The same thing. Relatives said that there were a lot of household chores and it was tiring. If you talk a lot, just break the casserole and ask others about trivial matters, then others will hate you and think that you are deliberately provoking trouble.

It's not easy to get along with a relationship. It is possible that if we say one more word, we will offend others. In that case, it is good to respect the lives of others. And the premise of respect is to take care of other people's affairs.

04

Words are overwhelming, avoid "crazy bars" with others.

In real life, many people like to take advantage of their "mouths", and they have to "win" others in some things, otherwise they feel uncomfortable inside.

Is it really appropriate to compete with others in terms of mouth? In my opinion, it is not quite appropriate. Because it's an impulsive act and an emotionless one.

How to understand it? First of all, if you compete to win over others, you will only have a grudge with others, and there will be no other benefits. Secondly, as long as there is the first time to raise the bar, there will be countless follow-ups. Not necessarily.

When it comes to speaking, there is no need to seek to be better than others. Others think that if we want to say that, then we just do what they want. Anyway, what others like to say, we don't want to offend others, just don't hear it.

Dealing with acquaintances and keeping 6 more eyes is considered a real high emotional intelligence

05

Combining rigidity and softness, we must make others "feel awe".

Children get along, because everyone has no scheming, naturally there is no need to have any precautions. But adults are different, perhaps, you will get along with wolves in sheep's clothing.

Wolves in sheep's clothing like to bully the most, those who have no means and are defenseless. As long as others don't fear you, they will want to violate you and do bad things to you.

If we want to avoid being violated, it is actually very simple, and we need to "stand up". It is necessary to have both the heart of a bodhisattva and the means of vajra. The two are one, and others will respect us if they feel that it is very expensive to bully us.

To make others feel that there is a cost of loss, others will not act rashly. This is called "psychological deterrence". As the Art of War says, attacking the heart is the best.

06

Grievances and grievances are clear, and we must know how to "one yard is one yard".
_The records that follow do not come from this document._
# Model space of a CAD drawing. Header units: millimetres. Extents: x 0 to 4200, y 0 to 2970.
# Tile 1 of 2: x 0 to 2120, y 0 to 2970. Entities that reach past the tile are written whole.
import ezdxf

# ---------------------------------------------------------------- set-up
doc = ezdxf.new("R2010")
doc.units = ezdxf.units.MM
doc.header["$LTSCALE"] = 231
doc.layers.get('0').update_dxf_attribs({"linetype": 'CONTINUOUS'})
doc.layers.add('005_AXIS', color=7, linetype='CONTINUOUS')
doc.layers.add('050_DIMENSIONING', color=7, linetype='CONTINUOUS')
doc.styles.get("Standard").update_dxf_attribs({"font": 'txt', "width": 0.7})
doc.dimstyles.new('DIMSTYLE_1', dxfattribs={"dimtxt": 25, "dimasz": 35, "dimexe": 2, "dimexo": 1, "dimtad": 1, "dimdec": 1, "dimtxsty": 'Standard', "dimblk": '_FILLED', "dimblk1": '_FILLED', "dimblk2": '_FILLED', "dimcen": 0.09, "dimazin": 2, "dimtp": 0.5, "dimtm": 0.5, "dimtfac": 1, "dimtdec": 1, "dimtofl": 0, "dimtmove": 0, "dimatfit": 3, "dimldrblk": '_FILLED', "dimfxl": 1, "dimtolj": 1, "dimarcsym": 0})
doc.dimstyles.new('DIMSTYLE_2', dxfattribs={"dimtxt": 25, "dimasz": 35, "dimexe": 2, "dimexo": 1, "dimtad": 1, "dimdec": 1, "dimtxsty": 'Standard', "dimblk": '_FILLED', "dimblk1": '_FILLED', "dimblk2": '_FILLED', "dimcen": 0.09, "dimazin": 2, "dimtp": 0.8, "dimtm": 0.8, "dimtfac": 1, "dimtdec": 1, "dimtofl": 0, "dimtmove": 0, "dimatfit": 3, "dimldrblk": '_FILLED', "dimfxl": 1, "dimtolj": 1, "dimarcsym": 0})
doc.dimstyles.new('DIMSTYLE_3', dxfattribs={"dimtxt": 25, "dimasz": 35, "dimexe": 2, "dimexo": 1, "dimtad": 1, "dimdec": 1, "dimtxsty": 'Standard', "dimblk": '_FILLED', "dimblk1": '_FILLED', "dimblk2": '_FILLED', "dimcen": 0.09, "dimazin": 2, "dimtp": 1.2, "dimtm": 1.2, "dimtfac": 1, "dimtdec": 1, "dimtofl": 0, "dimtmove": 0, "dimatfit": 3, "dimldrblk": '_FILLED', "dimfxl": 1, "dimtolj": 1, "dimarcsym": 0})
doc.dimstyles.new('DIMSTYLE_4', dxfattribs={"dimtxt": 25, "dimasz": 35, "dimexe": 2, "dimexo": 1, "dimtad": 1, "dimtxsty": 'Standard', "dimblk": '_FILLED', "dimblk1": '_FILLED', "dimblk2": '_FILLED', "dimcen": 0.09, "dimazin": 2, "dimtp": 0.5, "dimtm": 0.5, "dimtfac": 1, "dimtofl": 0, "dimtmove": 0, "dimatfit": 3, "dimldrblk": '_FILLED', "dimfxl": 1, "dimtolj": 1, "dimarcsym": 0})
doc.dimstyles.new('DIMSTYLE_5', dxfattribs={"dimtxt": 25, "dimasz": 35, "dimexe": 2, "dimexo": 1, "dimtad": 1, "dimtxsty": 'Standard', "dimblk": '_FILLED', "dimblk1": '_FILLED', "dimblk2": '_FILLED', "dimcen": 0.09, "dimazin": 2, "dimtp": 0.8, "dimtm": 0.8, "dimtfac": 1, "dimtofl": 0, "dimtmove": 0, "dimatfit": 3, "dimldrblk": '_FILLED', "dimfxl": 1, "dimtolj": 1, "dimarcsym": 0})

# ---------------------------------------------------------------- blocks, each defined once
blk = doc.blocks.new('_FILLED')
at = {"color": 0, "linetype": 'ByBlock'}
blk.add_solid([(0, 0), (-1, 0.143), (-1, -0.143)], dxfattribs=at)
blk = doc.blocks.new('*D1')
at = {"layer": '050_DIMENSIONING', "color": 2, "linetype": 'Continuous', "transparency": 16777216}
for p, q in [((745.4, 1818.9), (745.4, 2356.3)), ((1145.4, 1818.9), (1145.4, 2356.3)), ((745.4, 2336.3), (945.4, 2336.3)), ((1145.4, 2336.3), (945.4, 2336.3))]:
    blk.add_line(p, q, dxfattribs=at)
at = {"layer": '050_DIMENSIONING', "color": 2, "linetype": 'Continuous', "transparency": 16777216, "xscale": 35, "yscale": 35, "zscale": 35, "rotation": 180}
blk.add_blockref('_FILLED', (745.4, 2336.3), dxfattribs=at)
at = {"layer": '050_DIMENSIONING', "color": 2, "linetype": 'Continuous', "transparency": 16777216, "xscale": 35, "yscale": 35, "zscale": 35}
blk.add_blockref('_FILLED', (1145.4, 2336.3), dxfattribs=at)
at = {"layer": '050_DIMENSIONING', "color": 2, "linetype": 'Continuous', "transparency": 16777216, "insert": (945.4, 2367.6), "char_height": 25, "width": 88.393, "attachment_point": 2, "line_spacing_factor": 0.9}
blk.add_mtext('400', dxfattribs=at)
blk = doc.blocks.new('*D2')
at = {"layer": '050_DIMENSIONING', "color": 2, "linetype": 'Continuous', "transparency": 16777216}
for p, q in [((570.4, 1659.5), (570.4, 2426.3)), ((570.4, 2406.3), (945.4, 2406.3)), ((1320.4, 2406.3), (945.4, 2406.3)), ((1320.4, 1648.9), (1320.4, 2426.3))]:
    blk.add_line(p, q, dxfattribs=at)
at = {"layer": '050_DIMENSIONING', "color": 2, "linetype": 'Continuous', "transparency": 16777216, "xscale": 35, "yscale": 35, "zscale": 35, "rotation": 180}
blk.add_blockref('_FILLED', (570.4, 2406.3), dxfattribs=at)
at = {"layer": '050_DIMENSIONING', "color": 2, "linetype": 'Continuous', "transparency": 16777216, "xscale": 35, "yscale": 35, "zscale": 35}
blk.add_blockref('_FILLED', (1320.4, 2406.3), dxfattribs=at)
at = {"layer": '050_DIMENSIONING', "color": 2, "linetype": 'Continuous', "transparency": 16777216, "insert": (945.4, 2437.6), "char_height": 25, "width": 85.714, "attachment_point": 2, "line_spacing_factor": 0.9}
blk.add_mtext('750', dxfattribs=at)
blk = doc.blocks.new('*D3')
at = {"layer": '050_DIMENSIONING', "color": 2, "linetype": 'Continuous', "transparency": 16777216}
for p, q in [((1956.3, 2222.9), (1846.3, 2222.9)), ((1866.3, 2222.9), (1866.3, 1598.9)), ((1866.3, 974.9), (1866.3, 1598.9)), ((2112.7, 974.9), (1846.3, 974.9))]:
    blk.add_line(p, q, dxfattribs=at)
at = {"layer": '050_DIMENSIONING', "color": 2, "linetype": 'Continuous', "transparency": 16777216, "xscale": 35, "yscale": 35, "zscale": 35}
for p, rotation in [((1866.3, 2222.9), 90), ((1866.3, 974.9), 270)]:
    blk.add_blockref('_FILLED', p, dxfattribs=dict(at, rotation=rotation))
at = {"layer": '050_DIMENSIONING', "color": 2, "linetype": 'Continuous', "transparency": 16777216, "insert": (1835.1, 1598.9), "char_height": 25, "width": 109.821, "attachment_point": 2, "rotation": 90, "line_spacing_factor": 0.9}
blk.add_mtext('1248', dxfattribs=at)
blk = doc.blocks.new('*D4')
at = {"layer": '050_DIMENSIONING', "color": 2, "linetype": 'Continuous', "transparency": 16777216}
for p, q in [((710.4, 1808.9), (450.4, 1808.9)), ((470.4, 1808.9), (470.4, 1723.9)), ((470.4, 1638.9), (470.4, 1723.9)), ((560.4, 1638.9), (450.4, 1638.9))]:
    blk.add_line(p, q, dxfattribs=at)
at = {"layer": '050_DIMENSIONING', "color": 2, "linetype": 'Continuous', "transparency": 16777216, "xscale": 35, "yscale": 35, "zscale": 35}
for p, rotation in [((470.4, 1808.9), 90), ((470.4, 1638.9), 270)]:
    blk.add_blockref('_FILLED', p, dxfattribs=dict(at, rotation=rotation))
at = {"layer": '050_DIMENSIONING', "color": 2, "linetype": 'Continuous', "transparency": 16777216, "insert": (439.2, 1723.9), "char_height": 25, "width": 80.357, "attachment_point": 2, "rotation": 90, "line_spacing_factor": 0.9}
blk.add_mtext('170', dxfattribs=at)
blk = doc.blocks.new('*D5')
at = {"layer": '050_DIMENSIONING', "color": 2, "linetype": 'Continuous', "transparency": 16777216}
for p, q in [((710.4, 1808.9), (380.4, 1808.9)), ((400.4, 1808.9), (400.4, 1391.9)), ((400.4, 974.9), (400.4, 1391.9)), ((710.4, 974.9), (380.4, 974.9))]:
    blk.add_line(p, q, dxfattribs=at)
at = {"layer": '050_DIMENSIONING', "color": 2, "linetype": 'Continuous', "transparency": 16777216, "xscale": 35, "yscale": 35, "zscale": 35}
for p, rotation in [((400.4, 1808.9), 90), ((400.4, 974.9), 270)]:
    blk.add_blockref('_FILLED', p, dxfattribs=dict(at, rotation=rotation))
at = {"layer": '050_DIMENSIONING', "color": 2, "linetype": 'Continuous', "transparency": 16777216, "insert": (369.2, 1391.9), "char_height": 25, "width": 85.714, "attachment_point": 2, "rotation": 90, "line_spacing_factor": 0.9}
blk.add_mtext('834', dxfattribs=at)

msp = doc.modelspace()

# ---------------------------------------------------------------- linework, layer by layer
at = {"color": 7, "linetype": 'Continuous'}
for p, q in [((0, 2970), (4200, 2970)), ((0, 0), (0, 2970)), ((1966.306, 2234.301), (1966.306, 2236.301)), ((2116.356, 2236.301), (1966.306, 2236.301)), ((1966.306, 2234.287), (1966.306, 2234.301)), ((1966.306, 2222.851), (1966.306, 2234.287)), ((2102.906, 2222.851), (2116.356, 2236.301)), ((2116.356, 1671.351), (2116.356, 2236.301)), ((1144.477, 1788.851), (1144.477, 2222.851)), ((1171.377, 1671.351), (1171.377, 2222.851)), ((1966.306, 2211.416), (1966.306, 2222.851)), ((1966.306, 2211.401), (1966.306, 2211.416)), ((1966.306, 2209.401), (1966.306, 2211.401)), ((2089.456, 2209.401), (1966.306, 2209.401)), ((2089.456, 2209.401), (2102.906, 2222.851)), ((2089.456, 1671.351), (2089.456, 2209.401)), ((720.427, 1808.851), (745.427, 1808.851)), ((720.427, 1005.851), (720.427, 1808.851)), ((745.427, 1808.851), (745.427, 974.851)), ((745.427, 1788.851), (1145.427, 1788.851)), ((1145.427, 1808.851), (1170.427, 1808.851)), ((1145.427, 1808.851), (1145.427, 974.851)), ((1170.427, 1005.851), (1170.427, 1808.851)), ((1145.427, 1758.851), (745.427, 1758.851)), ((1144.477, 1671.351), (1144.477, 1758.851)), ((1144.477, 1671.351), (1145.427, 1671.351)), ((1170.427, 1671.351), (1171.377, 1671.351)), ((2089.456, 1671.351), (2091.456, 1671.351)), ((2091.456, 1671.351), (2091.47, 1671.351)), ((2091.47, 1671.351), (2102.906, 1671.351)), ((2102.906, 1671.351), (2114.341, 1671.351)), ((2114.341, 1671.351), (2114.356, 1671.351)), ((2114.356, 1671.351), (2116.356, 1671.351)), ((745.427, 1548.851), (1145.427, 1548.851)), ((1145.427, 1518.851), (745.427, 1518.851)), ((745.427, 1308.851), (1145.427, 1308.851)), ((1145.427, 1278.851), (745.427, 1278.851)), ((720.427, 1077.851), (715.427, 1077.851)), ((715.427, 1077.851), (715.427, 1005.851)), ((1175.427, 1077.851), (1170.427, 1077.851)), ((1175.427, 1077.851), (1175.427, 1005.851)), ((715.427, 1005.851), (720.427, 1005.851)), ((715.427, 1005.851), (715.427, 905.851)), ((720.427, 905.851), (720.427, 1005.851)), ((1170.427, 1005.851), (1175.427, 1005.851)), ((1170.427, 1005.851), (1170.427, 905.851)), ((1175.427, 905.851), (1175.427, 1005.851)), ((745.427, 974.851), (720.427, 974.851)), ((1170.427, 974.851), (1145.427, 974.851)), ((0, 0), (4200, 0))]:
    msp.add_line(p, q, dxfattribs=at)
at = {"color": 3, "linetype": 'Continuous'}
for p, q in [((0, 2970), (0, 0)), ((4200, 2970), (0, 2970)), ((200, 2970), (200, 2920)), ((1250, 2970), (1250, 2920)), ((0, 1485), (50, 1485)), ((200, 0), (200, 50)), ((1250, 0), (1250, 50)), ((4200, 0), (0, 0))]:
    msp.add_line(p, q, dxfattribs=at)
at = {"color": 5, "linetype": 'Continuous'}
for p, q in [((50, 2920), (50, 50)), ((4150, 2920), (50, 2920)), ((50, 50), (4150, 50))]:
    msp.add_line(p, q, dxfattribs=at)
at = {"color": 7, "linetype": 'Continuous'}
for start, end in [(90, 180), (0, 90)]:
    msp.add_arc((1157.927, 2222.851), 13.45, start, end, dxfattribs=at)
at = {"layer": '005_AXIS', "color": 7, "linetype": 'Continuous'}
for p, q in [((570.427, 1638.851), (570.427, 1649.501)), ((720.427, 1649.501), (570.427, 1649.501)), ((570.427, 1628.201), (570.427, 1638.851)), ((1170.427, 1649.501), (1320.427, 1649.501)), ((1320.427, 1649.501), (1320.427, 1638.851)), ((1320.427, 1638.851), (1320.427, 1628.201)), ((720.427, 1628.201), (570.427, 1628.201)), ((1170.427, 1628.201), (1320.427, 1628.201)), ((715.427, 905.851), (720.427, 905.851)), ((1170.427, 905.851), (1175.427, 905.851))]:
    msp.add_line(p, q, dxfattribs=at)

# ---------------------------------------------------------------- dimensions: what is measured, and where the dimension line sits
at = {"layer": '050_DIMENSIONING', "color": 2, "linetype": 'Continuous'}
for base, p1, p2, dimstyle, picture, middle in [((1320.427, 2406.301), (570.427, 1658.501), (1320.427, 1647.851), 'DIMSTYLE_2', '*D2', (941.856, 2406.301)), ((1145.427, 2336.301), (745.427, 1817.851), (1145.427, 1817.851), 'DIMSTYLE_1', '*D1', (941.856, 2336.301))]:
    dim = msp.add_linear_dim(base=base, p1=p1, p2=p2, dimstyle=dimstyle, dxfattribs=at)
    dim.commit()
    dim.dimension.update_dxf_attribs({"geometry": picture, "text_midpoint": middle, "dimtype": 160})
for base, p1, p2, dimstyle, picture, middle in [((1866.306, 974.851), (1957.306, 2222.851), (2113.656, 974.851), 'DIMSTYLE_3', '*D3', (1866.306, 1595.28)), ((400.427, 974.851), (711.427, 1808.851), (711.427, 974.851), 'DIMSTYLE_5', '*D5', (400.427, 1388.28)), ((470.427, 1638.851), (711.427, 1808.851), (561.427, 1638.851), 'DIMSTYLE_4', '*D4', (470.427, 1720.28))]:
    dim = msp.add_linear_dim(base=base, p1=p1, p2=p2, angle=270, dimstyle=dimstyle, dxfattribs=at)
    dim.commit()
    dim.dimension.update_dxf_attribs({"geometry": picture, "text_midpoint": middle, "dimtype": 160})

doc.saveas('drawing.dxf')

When getting along with others, don't take other people's contributions for granted. In this world, there is no such thing as a matter of course, only "the grace of the water is reciprocated by the springs".

Get along with others, try not to confuse kindness with resentment, repay kindness when it is time to repay kindness, and take revenge when it is time to take revenge.

However, for ordinary people, it is too difficult to achieve "clear grievances". Human nature is forgetful, pursues advantages and avoids disadvantages, and generally "takes revenge", which is why there are so many tragedies.

If there is a vengeance, he will not repay the non-gentleman, and the grievances will be clear. How others treat us, then we treat others as we do to others, one thing is one thing, one report is one report, and that is enough.